→ EXERCISE DESCRIPTION: In the records below, find the line with "Click on the search icon at the top" and repeat it and every line after it, exactly, without any pictures.

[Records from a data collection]
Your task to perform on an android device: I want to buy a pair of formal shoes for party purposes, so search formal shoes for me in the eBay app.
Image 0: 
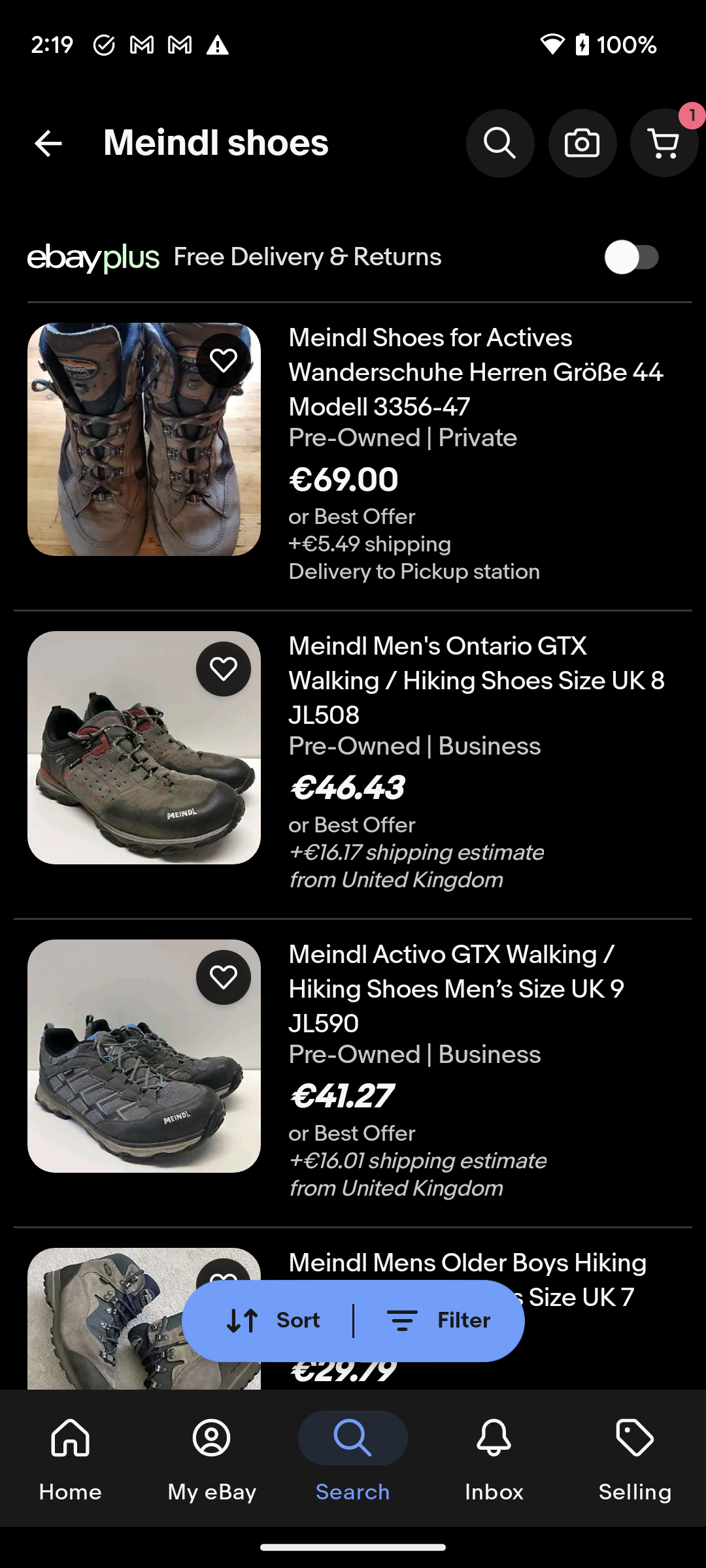
Click on the search icon at the top of the screen to search for the shoes.
Step 0: click (499, 142)
Image 1: 
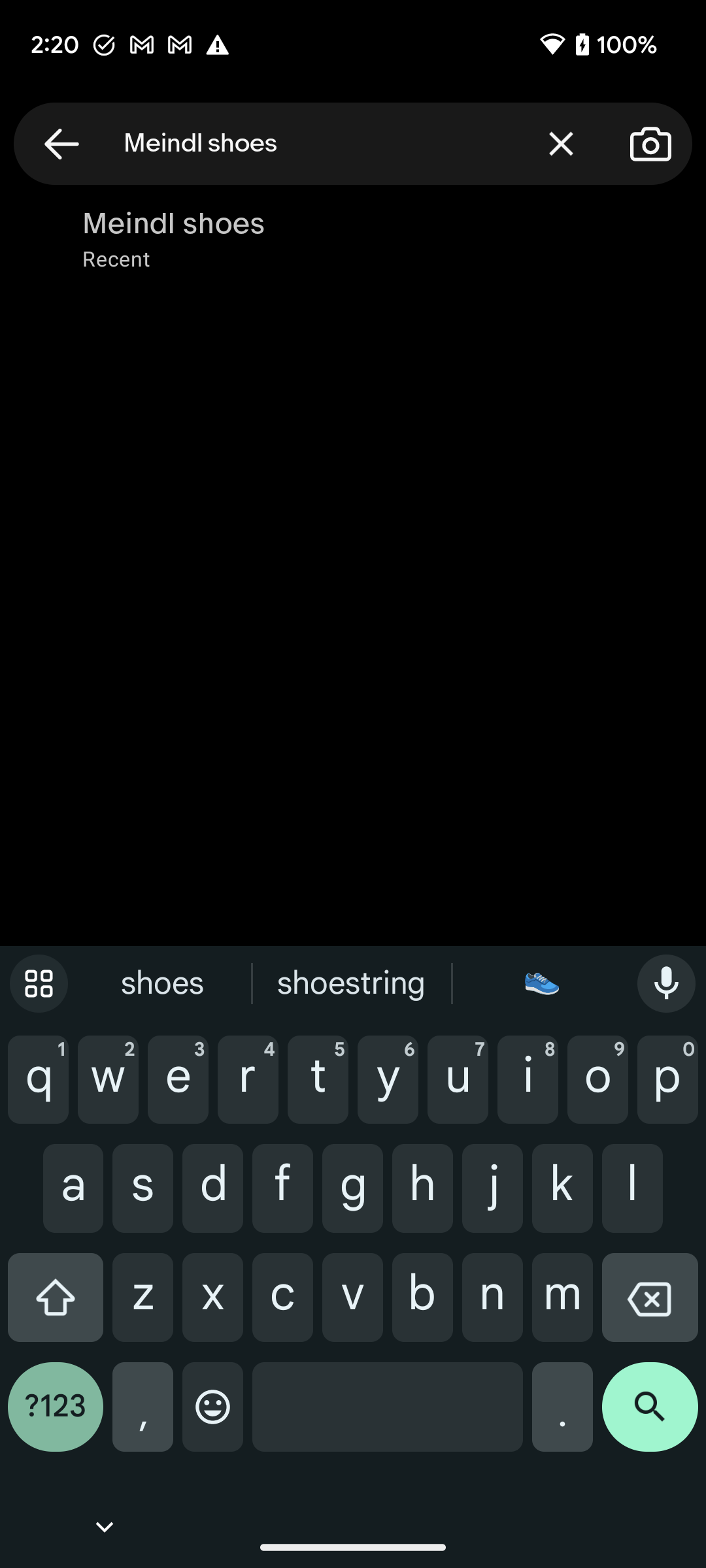
Click on the cross icon to clear the search bar.
Step 1: click (561, 143)
Image 2: 
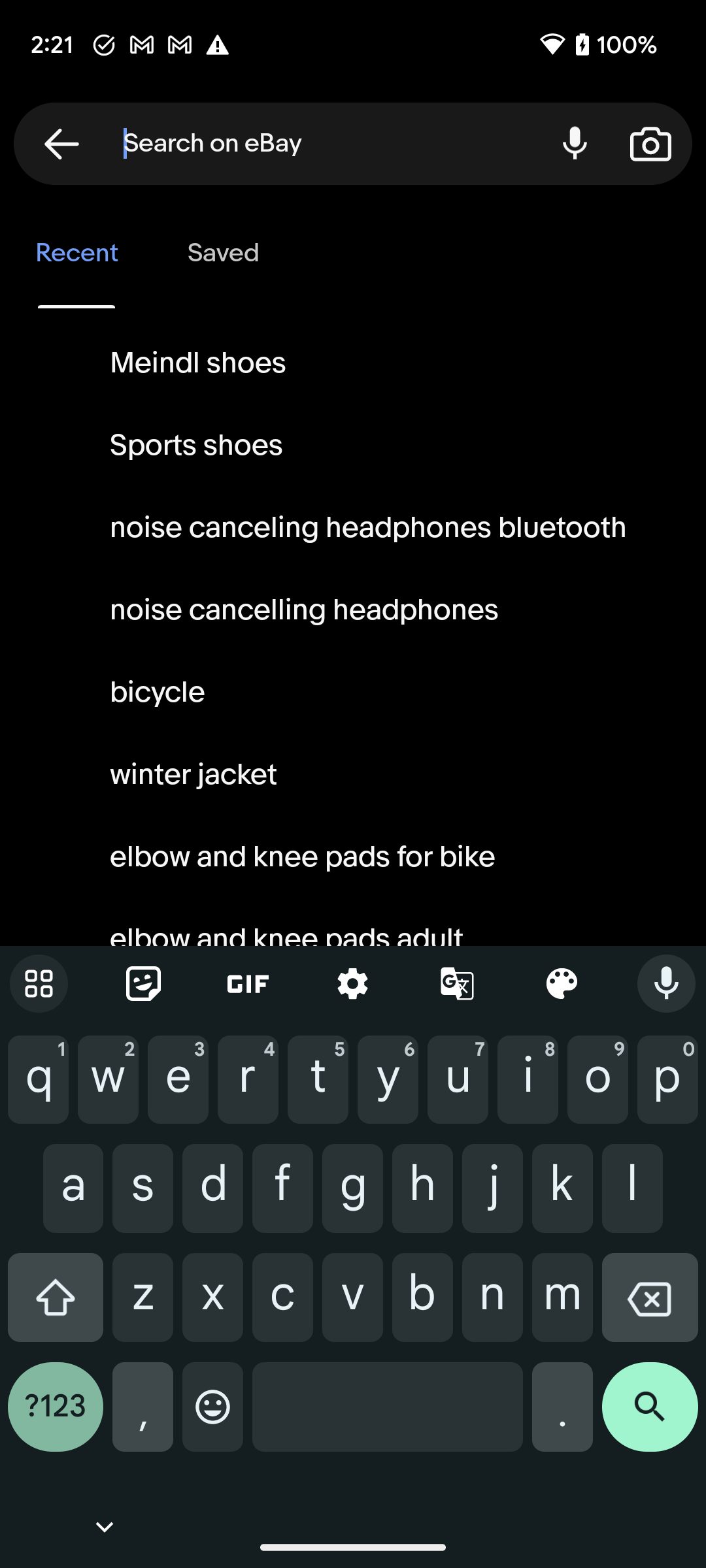
Type formal shoes in the search bar to search for the shoes.
Step 2: type "formal shoes"
Image 3: 
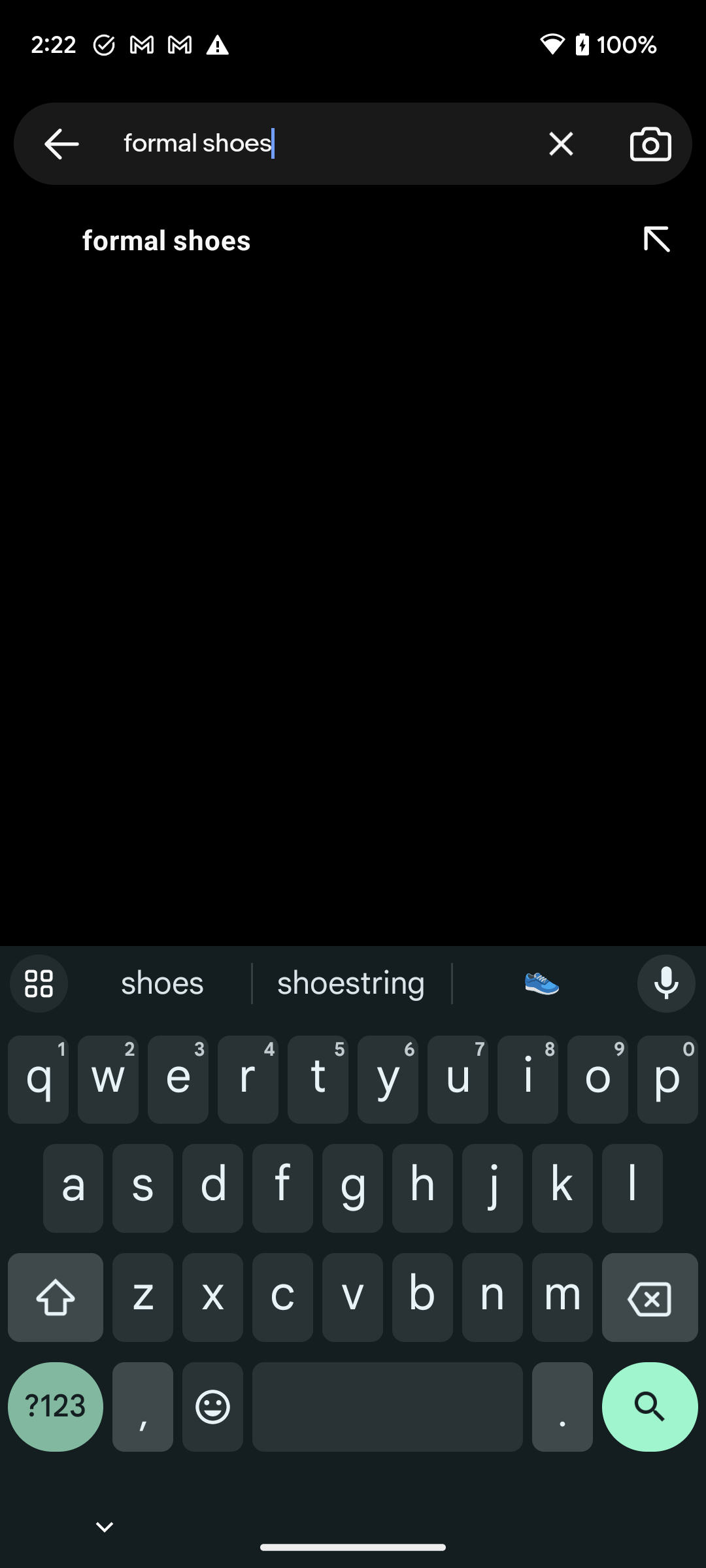
Click on the search icon at the bottom right corner of the screen to view the search result.
Step 3: click (650, 1417)
Image 4: 
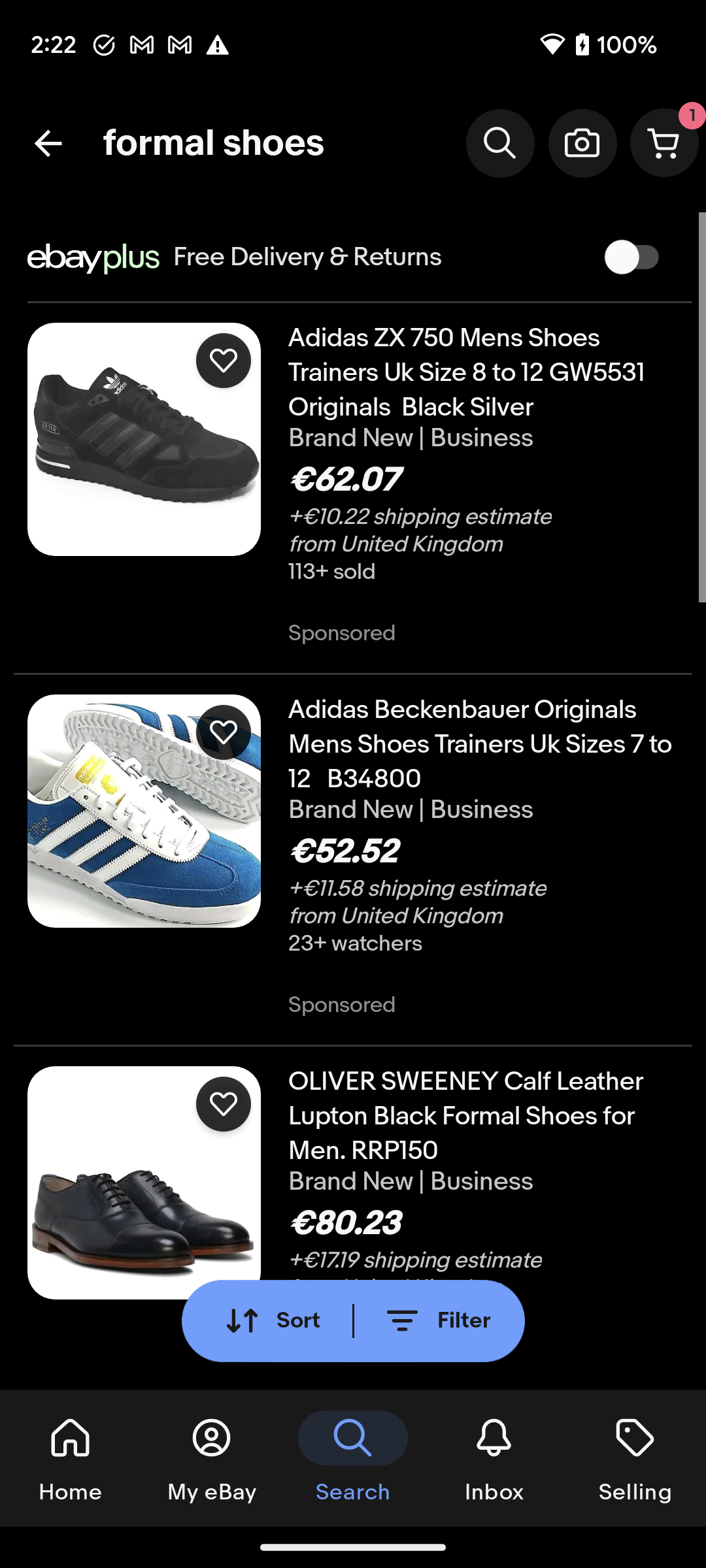
Scroll down to view more formal shoes.
Step 4: scroll down
Image 5: 
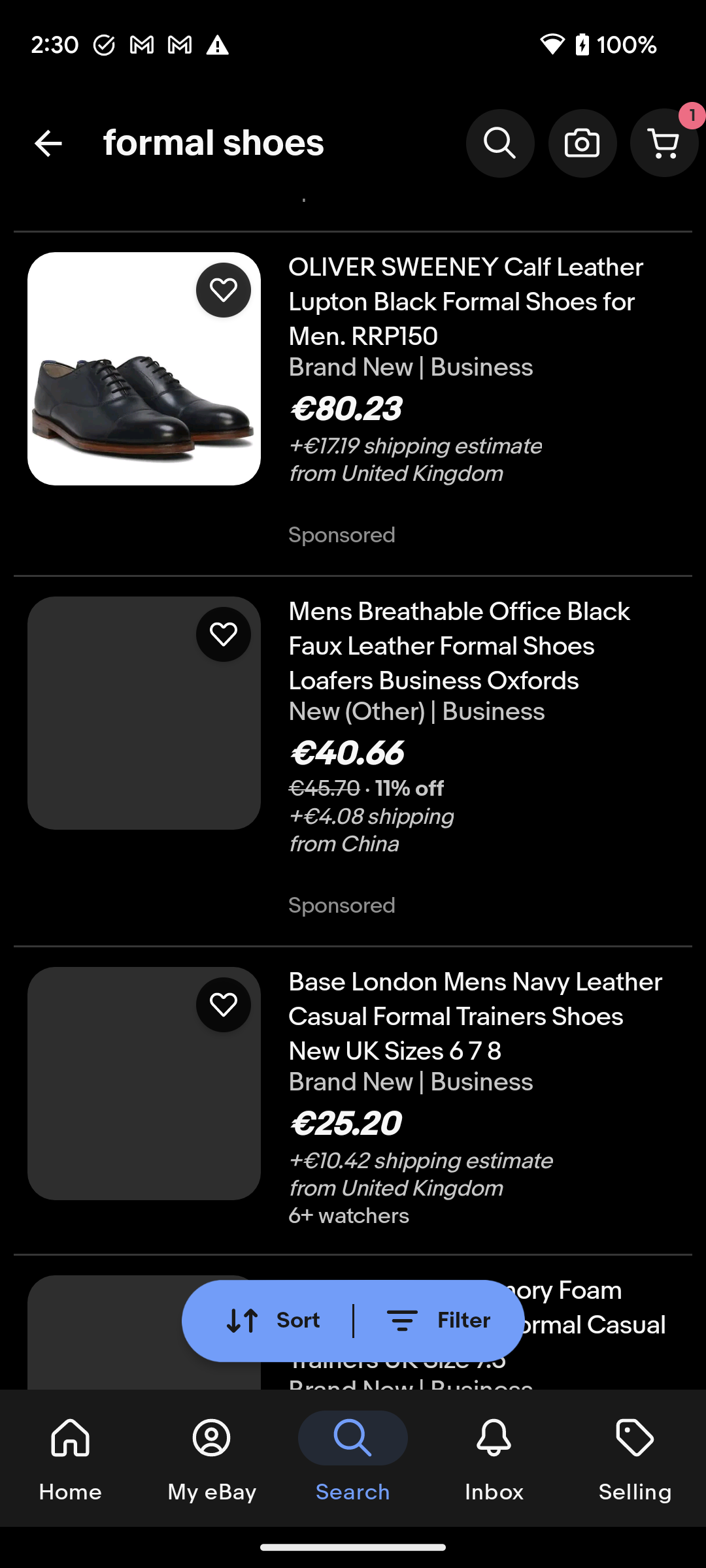
Scroll down to view more formal shoes.
Step 5: scroll down
Image 6: 
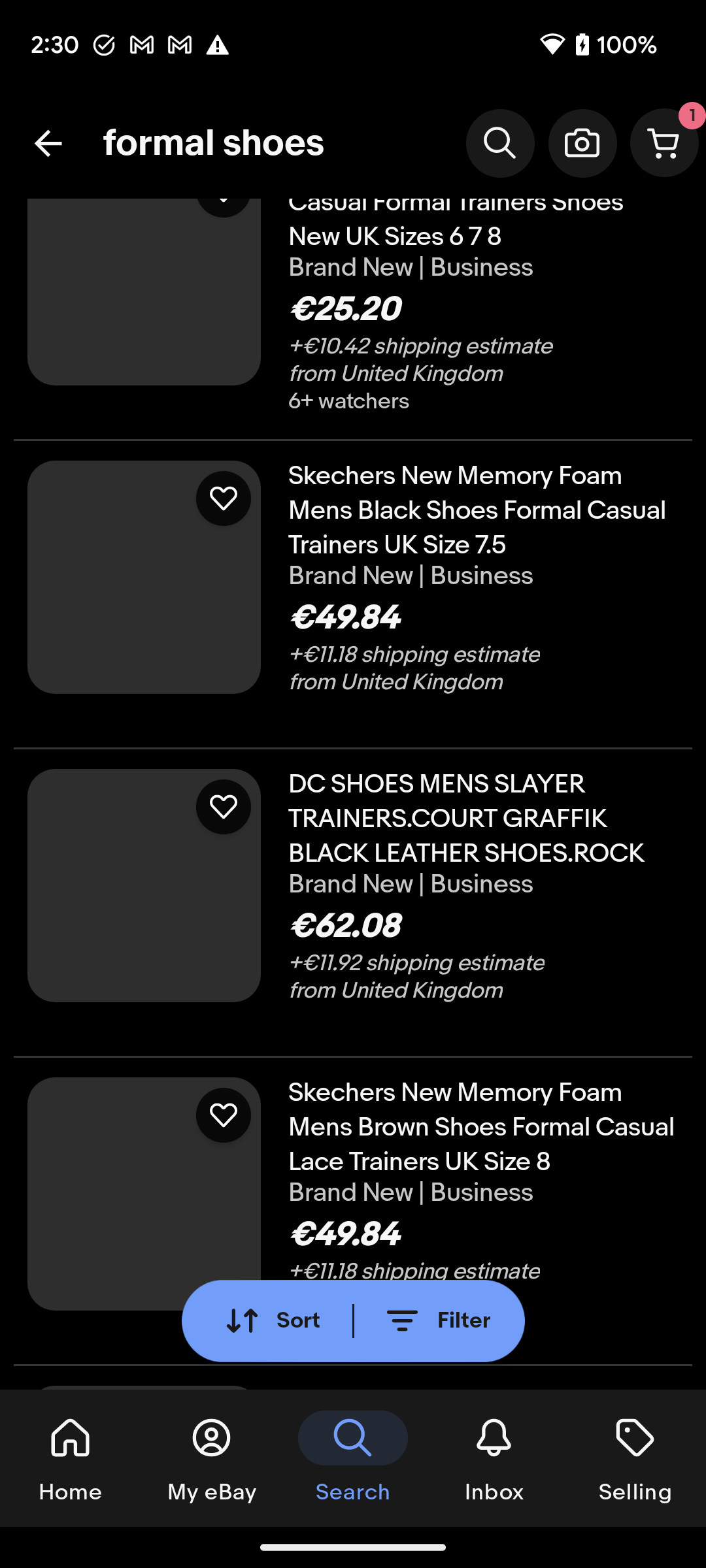
Scroll down to view more formal shoes.
Step 6: wait

→ ANSWER TO THIS PROBLEM:
Click on the search icon at the top of the screen to search for the shoes.
Step 0: click (499, 142)
Image 1: 
Click on the cross icon to clear the search bar.
Step 1: click (561, 143)
Image 2: 
Type formal shoes in the search bar to search for the shoes.
Step 2: type "formal shoes"
Image 3: 
Click on the search icon at the bottom right corner of the screen to view the search result.
Step 3: click (650, 1417)
Image 4: 
Scroll down to view more formal shoes.
Step 4: scroll down
Image 5: 
Scroll down to view more formal shoes.
Step 5: scroll down
Image 6: 
Scroll down to view more formal shoes.
Step 6: wait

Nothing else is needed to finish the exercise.